FIG. 3 is a flowchart illustrating a method for generating a topic according to an embodiment of the present invention;

FIG. 4 is a flowchart illustrating a method for optimizing a topic according to an embodiment of the present invention;

FIG. 5 is a flowchart illustrating another method for generating a topic according to an embodiment of the present invention;

fig. 6 is a schematic structural diagram of a topic generating device according to an embodiment of the present invention;

Fig. 7 is a schematic structural diagram of a topic generating device according to an embodiment of the present invention.

Detailed Description

For the purpose of making the objects, technical solutions and advantages of the embodiments of the present invention more apparent, the technical solutions of the embodiments of the present invention will be clearly and completely described below with reference to the accompanying drawings in the embodiments of the present invention, and it is apparent that the described embodiments are only some embodiments of the present invention, not all embodiments. All other embodiments, which can be made by those skilled in the art based on the embodiments of the invention without making any inventive effort, are intended to be within the scope of the invention.

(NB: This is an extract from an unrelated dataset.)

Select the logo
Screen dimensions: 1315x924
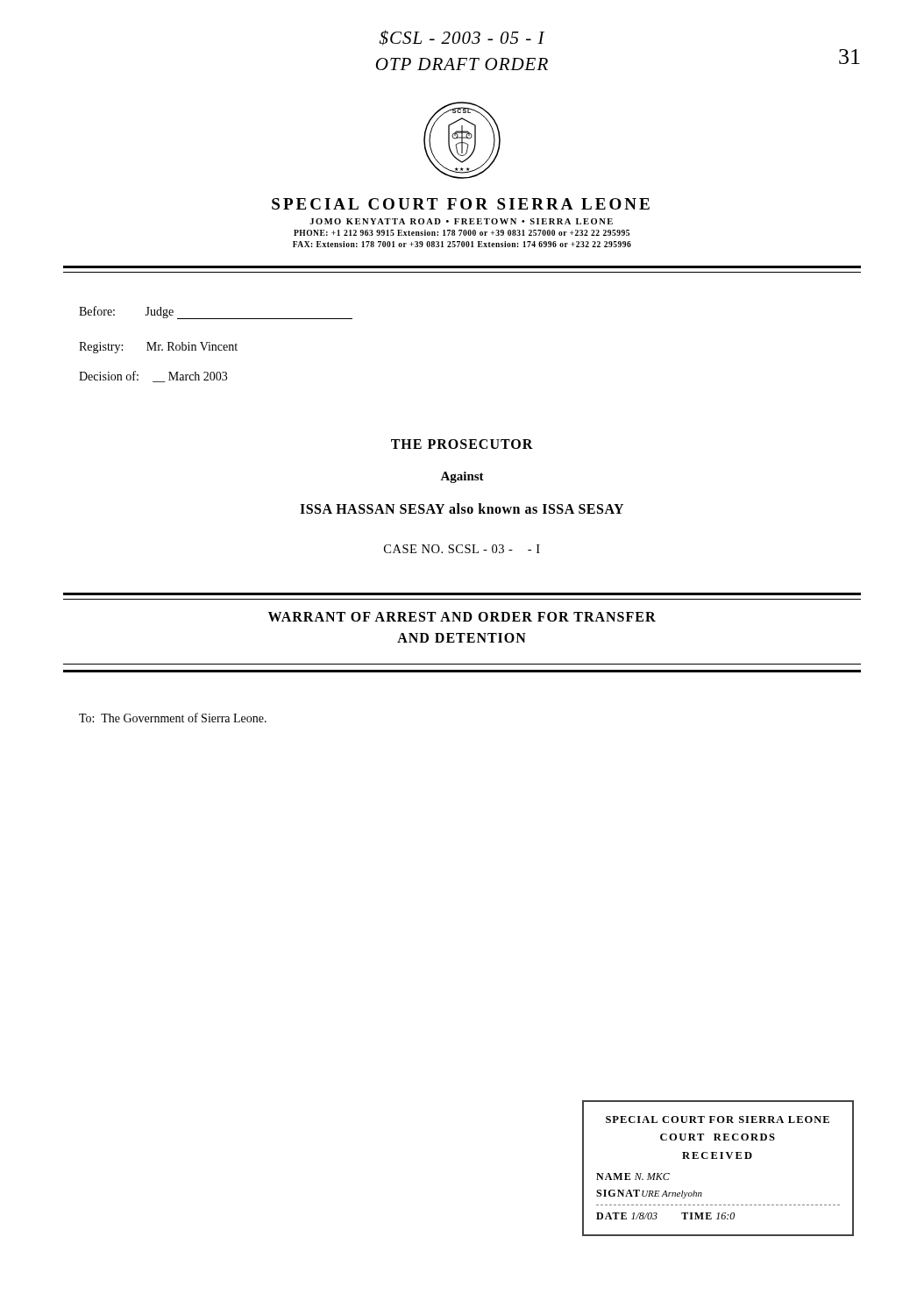[462, 142]

First, several terms involved in the present application are explained:

jieba entity recognition model jieba is a Python library for Chinese word segmentation, ‌ also supports Chinese named entity recognition;

The LAC entity recognition model is a combined lexical analysis model, ‌ aims to integrally complete Chinese word segmentation, ‌ part-of-speech tagging and ‌ special name recognition tasks ‌;

fastText is a rapid text classification model;

The BERT model is a typical pre-training language model adopting bidirectional coding;

A Transform model, namely a deep learning model, which is mainly used for processing sequence data, in particular to the field of natural language processing;

LSTM is a Long Short-Term Memory network, which is a time-circulating neural network;

GAN model generation of an antagonism network is a deep learning model.

The invention mainly solves the demands of the types and the quantity of the questions in the answering game by intelligently generating the selection questions, the questions generated by the intelligent question generation demands can cover the aspects of life, and meanwhile, the generated questions are required to have higher quality and larger quantity, thereby meeting the questions required by the competition answering of the users in the game. The existing scheme of directly using the neural network cannot guarantee the quality of the questions, including the problems that the expression of the questions is not smooth and reasonable, the matching of options is not proper, and the like, because the neural network model is a black box, the neural network model can only learn a certain rule through a large amount of data to generate the questions, but the specific implementation is unknown, the output result of the model is uncontrolled, in addition, the accuracy of the questions is difficult to guarantee, the logic completeness of a proper question is very strong, and the problems that the answer is incorrect, the answer is not unique, the interference options are not proper, and the like exist when the selection questions are generated simply through the neural network technology.

In the process of actually generating the title, the invention mainly uses technologies such as named entity recognition, semantic analysis, text generation and the like, please refer to fig. 1, fig. 1 is a flowchart of a title generation method provided by an embodiment of the invention. The method may include:

S101, acquiring text materials containing knowledge points and word libraries formed by pre-arranging entities in each field and corresponding entity tags.

Specifically, step S101 is a data preparation step. Before the question generation process is carried out, collecting and arranging entities in each field and corresponding labels to form word libraries, wherein the finer the field is, the higher the quality of the question generation is, and meanwhile, short text materials containing knowledge points are required to be collected as the input of the whole question generation process.

S102, carrying out entity recognition on the text material by using a named entity recognition model and combining a word stock to obtain a recognition result, wherein the recognition result comprises a target entity and a corresponding target entity label.

The present embodiment does not limit the named entity recognition model, nor does it limit the number of named entity models. Step S102 is an entity identification part. When the text material is input into the named entity recognition model, the word stock is loaded in advance, so that the named entity model is constrained, and an accurate recognition result is obtained.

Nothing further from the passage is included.